Some rooms have tubs, some walk-in showers so check if you have a preference.
This Inn is a meticulous restoration in the works since 1995. Full circle you could say as you rock on the porch because it was an inn in 1887 too.
In between, mountain children studied here, and sometimes boarded. The Inn at Foster Falls was an orphanage too and today’s boutique address is 176 Orphanage Way in Max Meadows, Virginia.
That’s Wythe County.
SheBuysTravel Tip: Romantic? Like to discover enduring connections when you travel? The mother of the chef is the oldest living orphan who called this building home. Might meet her. She likes the afternoon desserts too.
Trinkle Mansion Bed & Breakfast
Find four guest rooms plus a garden cottage in this 1912 home on Main Street, listed on the National Register of Historic Places. Breakfast is three courses, served with silver, china and crystal.
All rooms have showers and two offer the original claw-foot bathtubs. Two of the seven original fireplaces are in bedrooms.

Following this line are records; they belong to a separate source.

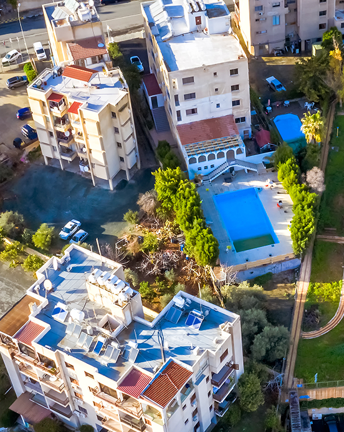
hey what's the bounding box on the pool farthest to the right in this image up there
[271,111,308,144]
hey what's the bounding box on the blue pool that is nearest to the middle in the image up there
[211,185,281,254]
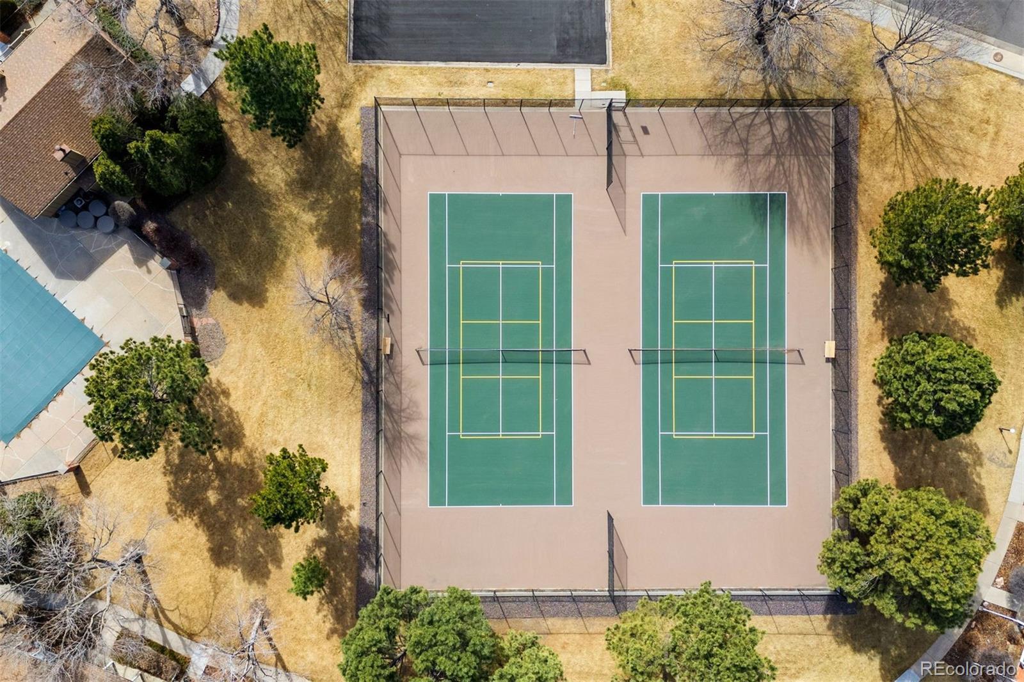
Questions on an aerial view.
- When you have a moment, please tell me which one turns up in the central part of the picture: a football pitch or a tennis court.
tennis court
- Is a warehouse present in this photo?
No
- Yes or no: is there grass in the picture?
Yes
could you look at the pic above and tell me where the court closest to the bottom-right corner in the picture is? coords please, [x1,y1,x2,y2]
[641,192,787,507]
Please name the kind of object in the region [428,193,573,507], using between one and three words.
tennis court
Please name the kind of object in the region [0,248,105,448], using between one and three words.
swimming pool
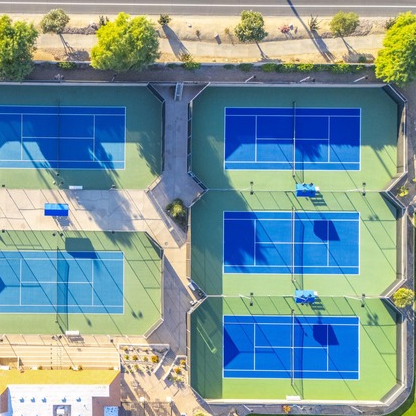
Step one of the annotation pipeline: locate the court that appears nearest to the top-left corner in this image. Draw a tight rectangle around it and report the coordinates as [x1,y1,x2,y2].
[0,85,162,189]
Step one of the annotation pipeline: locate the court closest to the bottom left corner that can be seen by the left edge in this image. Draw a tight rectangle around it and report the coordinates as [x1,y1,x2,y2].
[0,232,161,335]
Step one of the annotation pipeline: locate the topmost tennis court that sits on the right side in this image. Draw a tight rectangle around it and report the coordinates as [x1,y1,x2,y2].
[194,86,397,192]
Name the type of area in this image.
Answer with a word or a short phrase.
sports ground
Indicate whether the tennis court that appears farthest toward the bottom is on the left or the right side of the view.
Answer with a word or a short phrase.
right
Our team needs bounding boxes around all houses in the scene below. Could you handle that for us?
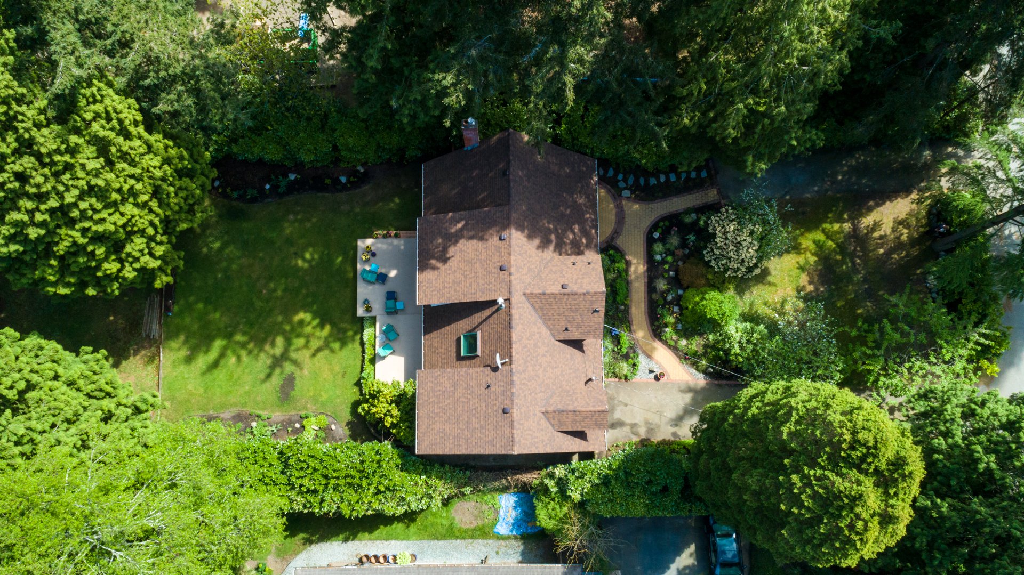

The innkeepers, Patti and Bernie Pizinger, are both retired postmasters from Iowa who discovered the home by chance on a road trip. Two years of total renovation, saving as many original features as possible, they opened in 2007.
Airstream Inn
This is a 1971 Airstream Excella with a hot tub, deck, single burner cooktop, composting toilet——and grazing cows, sheep and chickens. Sunset yoga and sound bowl healing on the deck can be arranged.
Conestoga Wagon
Bed yes, kitchen, no, and the bathroom is next door. The Wytheville KOA campground has two Conestoga wagons for overnight stays, sleeping two people.
Family-friendly campground amenities like a swimming pool, fun center and hayrides are included but bring your own sheets and towels.
Vacation Homes
New River Retreat, the company which manages the Inn for the state park, handles 17 vacation homes within 20 minutes of the park, all on the water.